British businessperson

Adrian Fawcett is Chairman of Silentnight Group Park Holidays UK Petainer Liberis Advest Capital Management and related investments.

As an economist, Adrian has also spent two terms of Government on the board of the Department for Work and Pensions. He is interested in business opportunities arising from dislocations created by changes in regulation or legislation in a sector. Sectors include financial, legal, packaging and healthcare.

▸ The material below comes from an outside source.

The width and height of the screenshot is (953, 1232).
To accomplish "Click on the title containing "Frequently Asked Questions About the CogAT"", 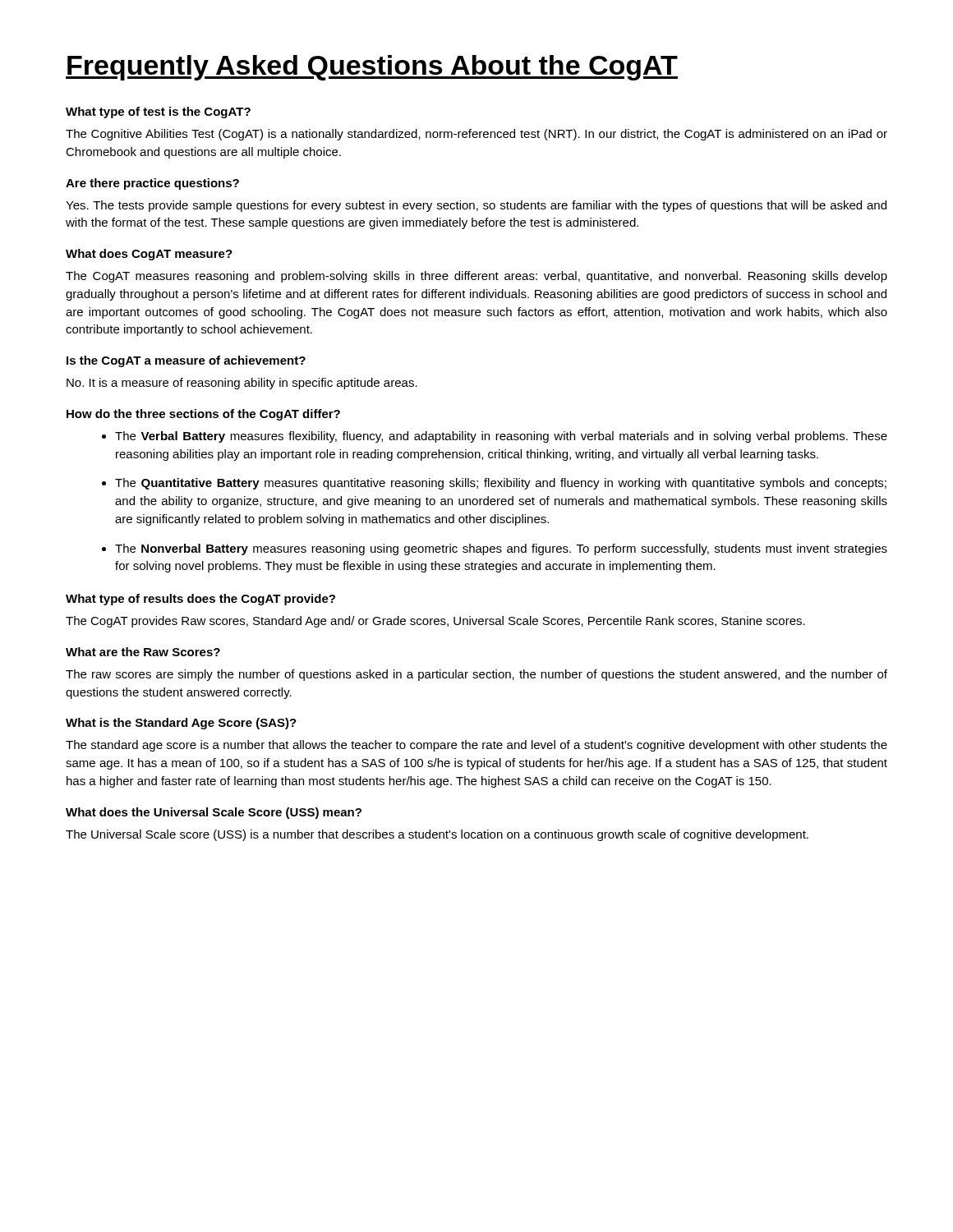I will click(x=476, y=65).
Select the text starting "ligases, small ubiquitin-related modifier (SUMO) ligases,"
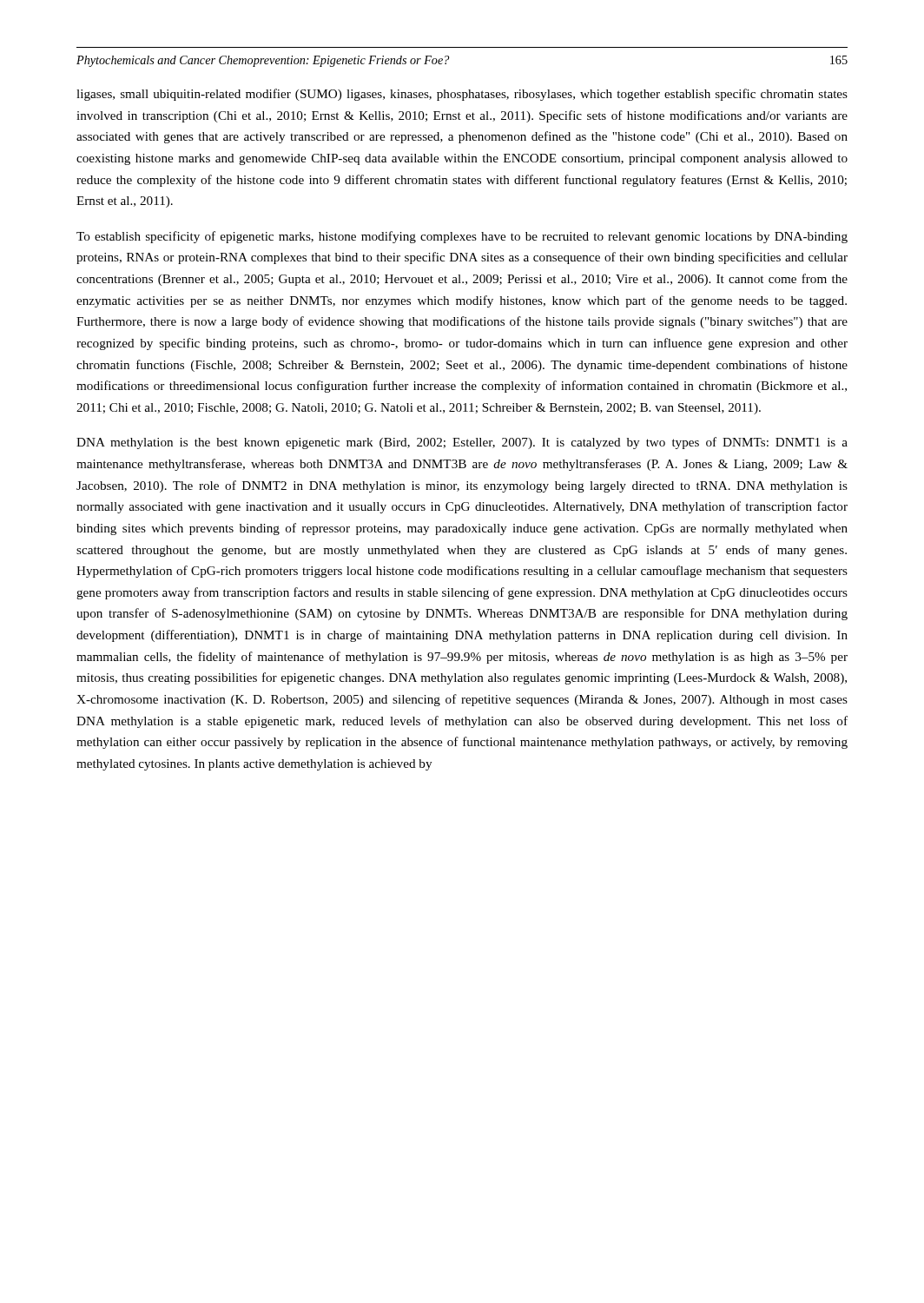The height and width of the screenshot is (1303, 924). click(462, 147)

His previous main roles include chairman at A R Metallizing, having successfully created the global leader in the metallized paper and packaging sector. The business was sold to Japanese listed company Nissha printing in September 2015- a market leading transaction. Adrian was chairman at Gala Bingo from November 2016 - May 2018 and also Chief Executive at General Healthcare Group 2007–2011, Chief Operating Officer at Punch Taverns, Chairman of Eurosite Power Advisory Board, Chairman of The Real Pub Company and a non-executive director at the Department for Work and Pensions

In 2014, Adrian was a finalist of the Sunday Times Non Executive Director of the Year In the same year he was also awarded an Honorary Doctorate from Birmingham City University and became a Primary Corporate Liveryman with the Furniture Makers' Company. He was awarded Business Insiders Entrepreneurial Director of the Year 2007 and in 2006 he was named Young Director of the Year by the Institute of Directors in the large business category and Brightest Entrepreneurial Talent by Business Insider magazine.

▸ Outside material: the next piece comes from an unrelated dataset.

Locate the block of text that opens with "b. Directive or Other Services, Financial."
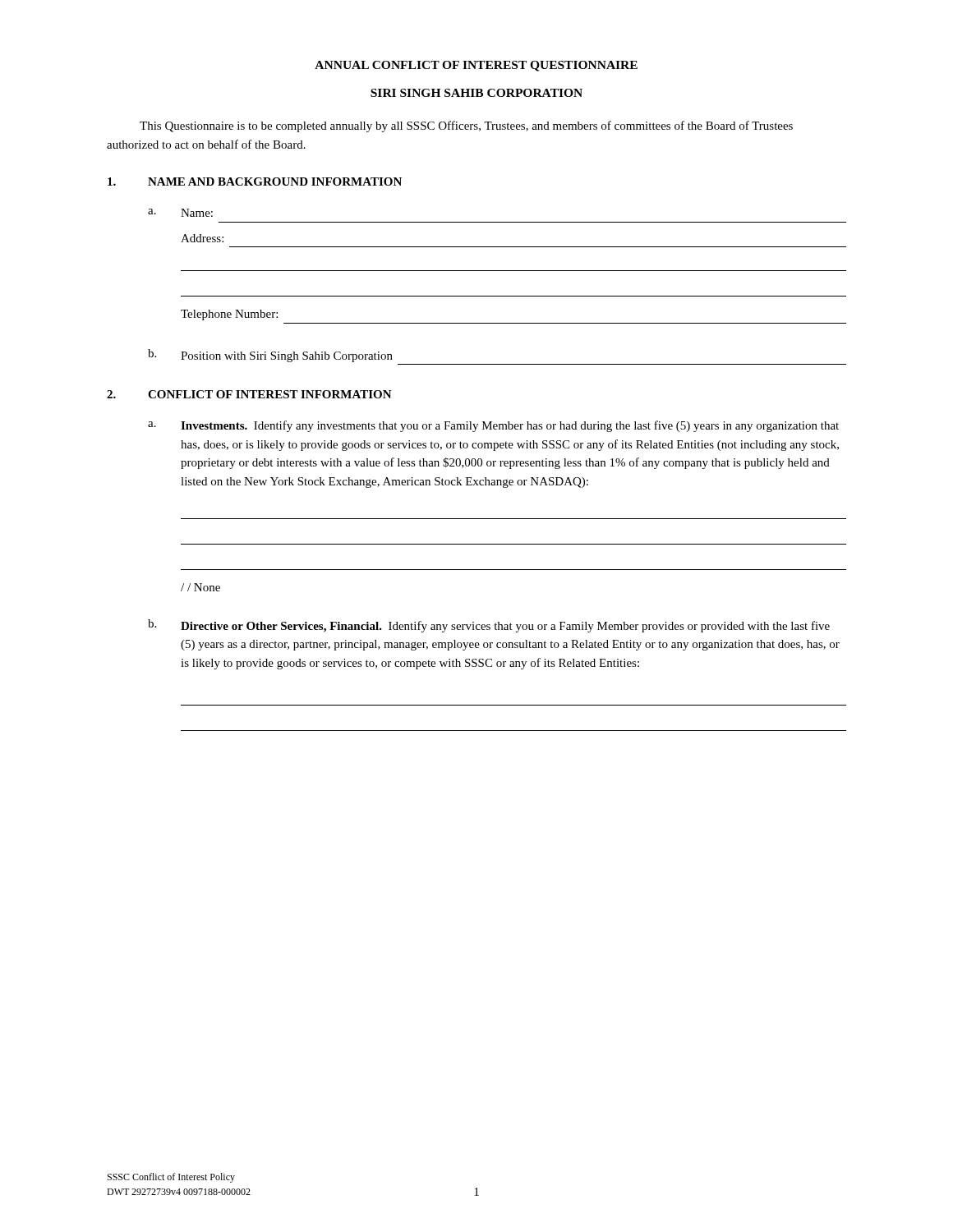 [x=497, y=678]
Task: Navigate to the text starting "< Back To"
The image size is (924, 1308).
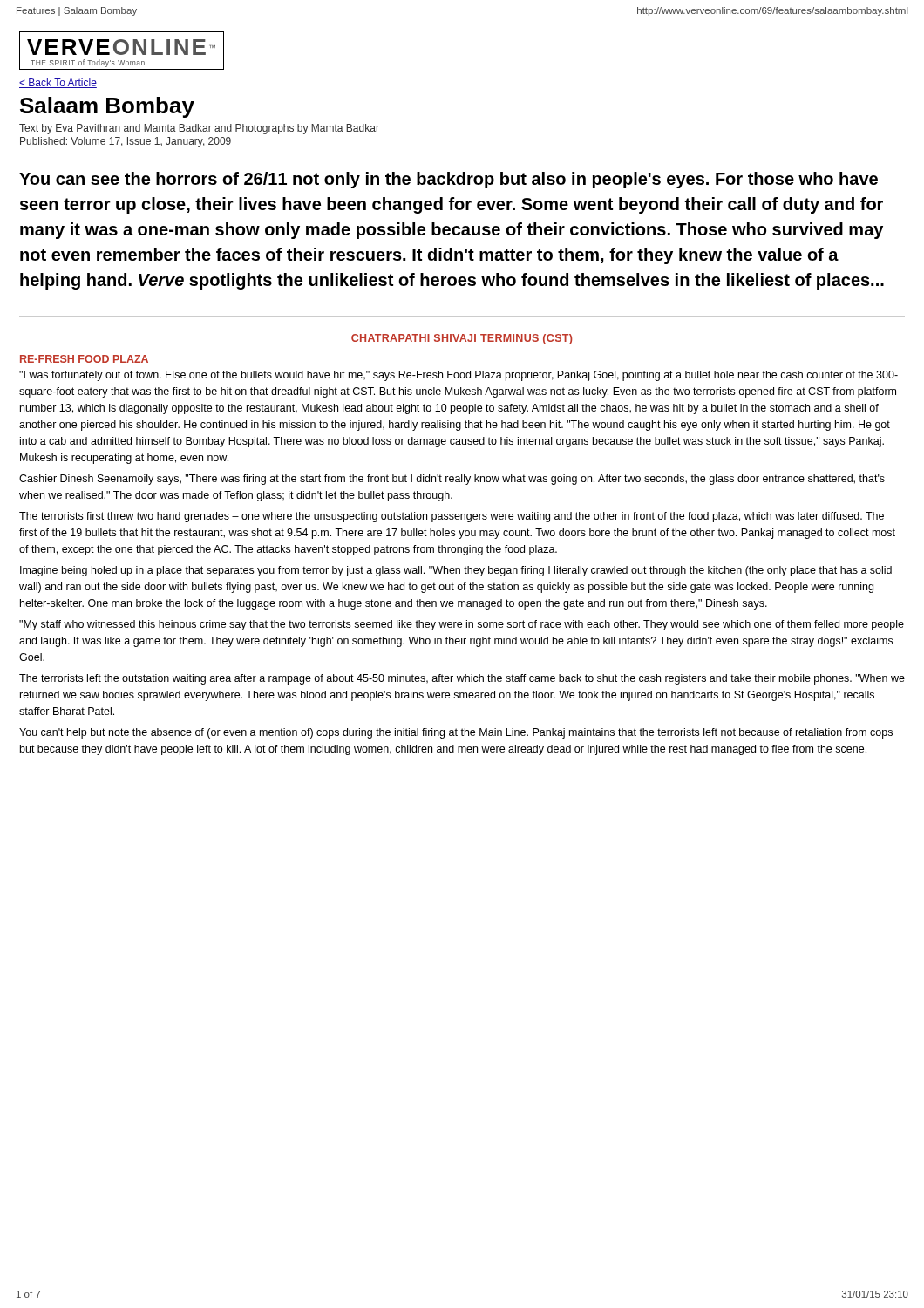Action: tap(58, 83)

Adrian is a regular commentator, speaker and presenter on economy, consumer trends, business and sport at conferences and government events and was a keynote speaker at the 2014 Legal Futures Conference. He has often appeared in the media, such as BBC Radio 4's Any Questions? and The Bottom Line. and NHS- The Malthusian Challenge. He received national media coverage in the UK during the 2010 general election when he criticised a "wall of silence" from the main parties over health policy.

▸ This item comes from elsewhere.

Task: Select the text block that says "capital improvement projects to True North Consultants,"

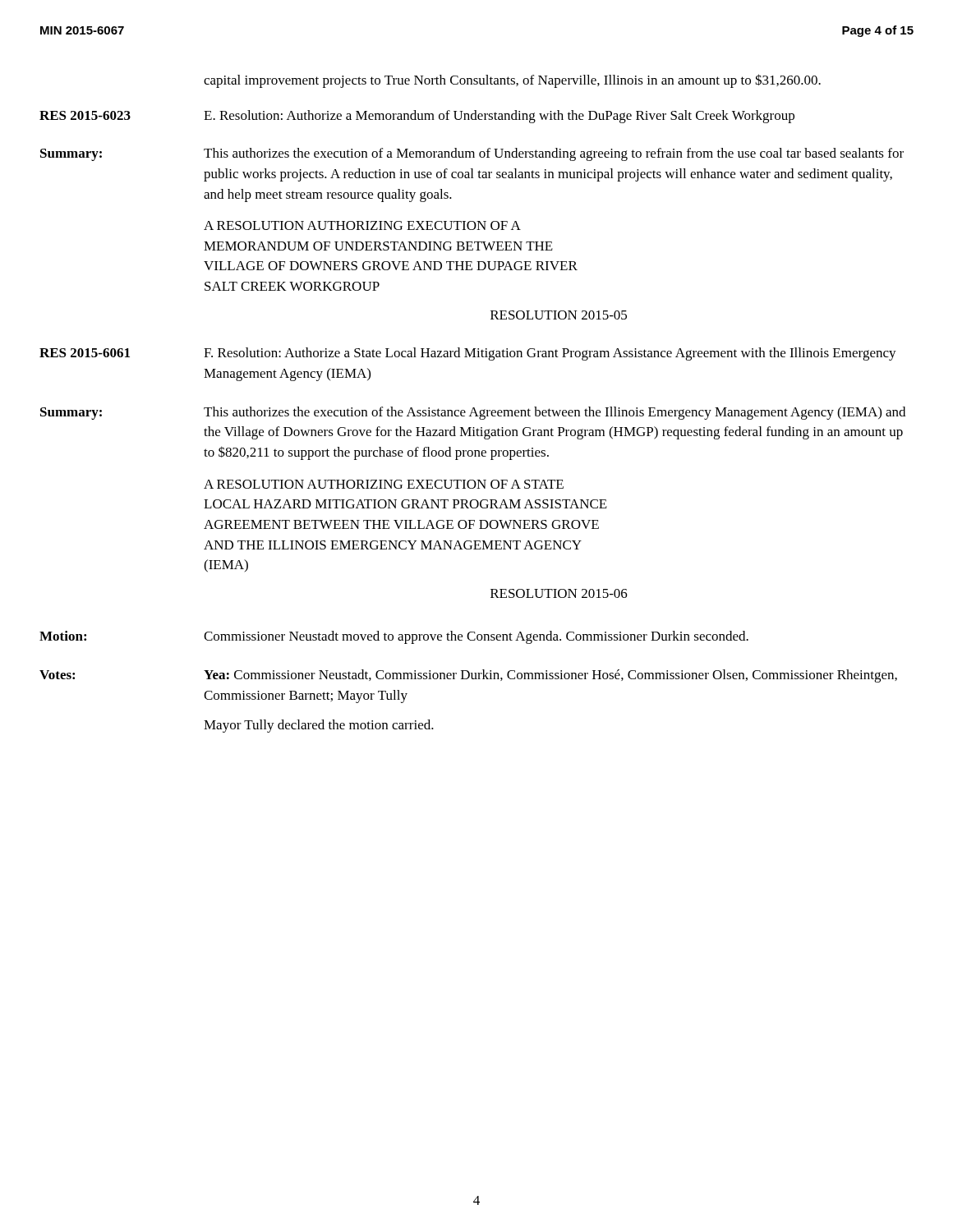Action: pyautogui.click(x=559, y=81)

==Work at Silentnight Group==

Adrian Fawcett successfully pursued the expansion of Silentnight's Barnoldswick plant, having migrated the premises from Batley to Barnoldswick while securing £1m from Lancashire County Council. This has led to the creation of 140 additional jobs, increasing its number of employees to 500, despite the downturn in the manufacturing industry. In May 2014 Prime Minister, David Cameron, paid tribute to Silentnight, joining Adrian in a visit to the Barnoldswick headquarters and factory as part of recognising UK manufacturing success stories.

==Work at Park Holidays UK==

Adrian is Chairman of Park Holidays UK, an operator of Holiday and Caravan Parks in the UK. It has 26 parks around the south coast.

==Work at Petainer==

Adrian is Chairman of Petainer Group, a plastic packaging business.

==Work at Advest Capital Management==

Adrian is Chairman of Advest Capital Management.